Posted on:2005-06-06Degree:Ph.DType:Dissertation
University:The University of ChicagoCandidate:Ebel, Jonathan HansFull Text:PDF
GTID:1455390008977465Subject:religion
Abstract/Summary:PDF Full Text Request
Between 1914 and 1918, in response to ideological and cultural challenges and less immediate threats to America's economic well-being and territorial integrity, American men volunteered, fought, and died in the Great War. As they did all three, they believed---believed in the righteousness of the cause, believed in the communal and personal value of their errand, believed they were answering the highest call of their faith. I draw on American soldiers' letters, diaries, and memoirs, and on the soldier-authored, war-time newspaper the Stars and Stripes, to argue that war-time experiences of powerlessness, frequently expressed theologically, shook but did not undermine soldiers' understandings of the religiousness of their duty and of the war.
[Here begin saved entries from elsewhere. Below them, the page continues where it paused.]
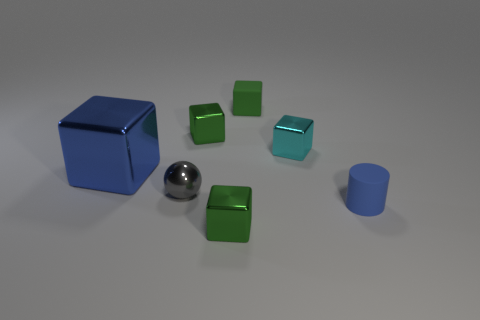Are there fewer large blue metallic blocks behind the small green matte thing than large things?
Provide a succinct answer. Yes. How many small green matte things are there?
Give a very brief answer. 1. What number of blue objects are made of the same material as the tiny gray sphere?
Your answer should be compact. 1. How many things are green metal things behind the small cyan cube or metal cubes?
Make the answer very short. 4. Are there fewer tiny green rubber things that are to the left of the tiny matte block than small metallic cubes that are in front of the small rubber cylinder?
Keep it short and to the point. Yes. There is a gray metallic sphere; are there any tiny blue objects left of it?
Your answer should be compact. No. How many objects are either green objects left of the rubber cube or small objects that are right of the gray object?
Keep it short and to the point. 5. How many matte things have the same color as the big metallic thing?
Keep it short and to the point. 1. What is the color of the rubber thing that is the same shape as the big blue metallic thing?
Ensure brevity in your answer.  Green. The tiny object that is on the left side of the small cyan block and in front of the small gray object has what shape?
Keep it short and to the point. Cube. 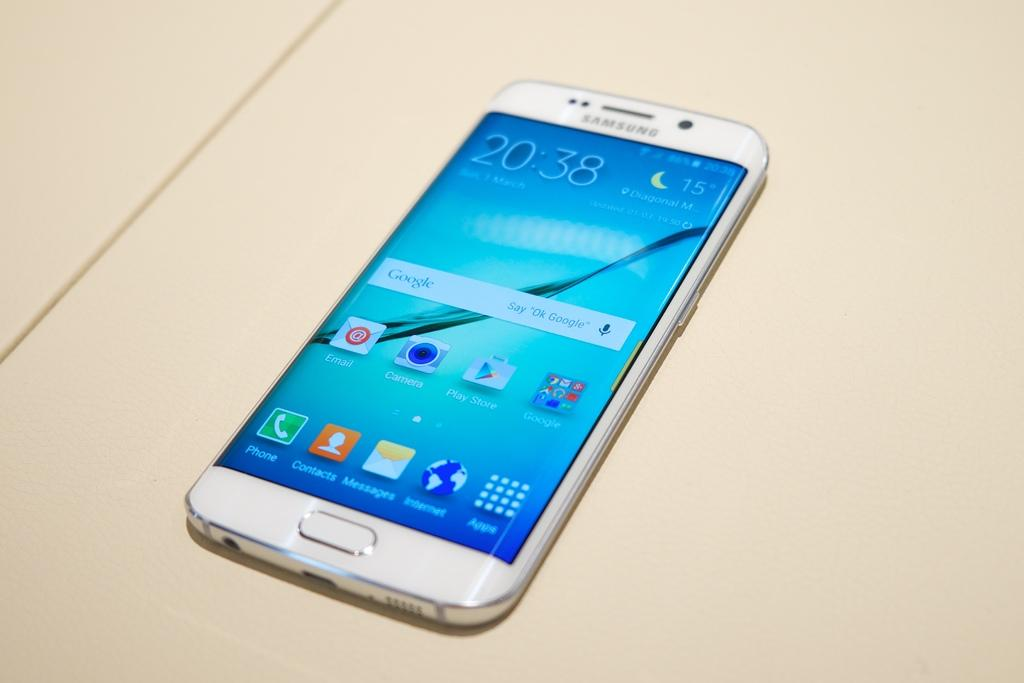<image>
Render a clear and concise summary of the photo. A white Iphone with apps on the front and the time 20:30. 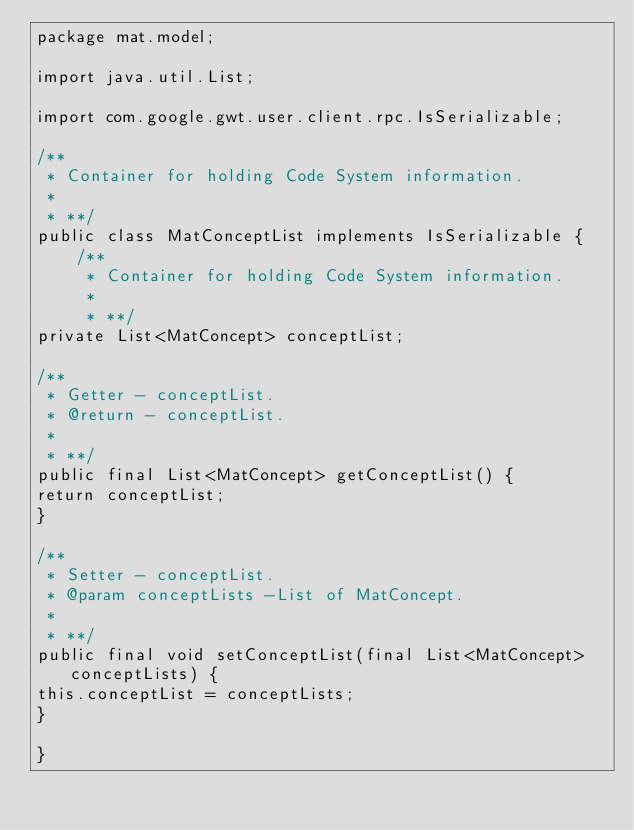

Encounters with industrial violence led soldiers to refine and reassert pre-war notions of martyrdom and redemptive suffering, the relationship between masculinity and religious authority, and the proper ordering of duties to God and nation. After the war, American soldiers responded to the peculiar mix of suffering, death, triumph, and disappointment by forcefully reasserting their vision of American Christian manhood and continuing their struggle against "evil" on American soil.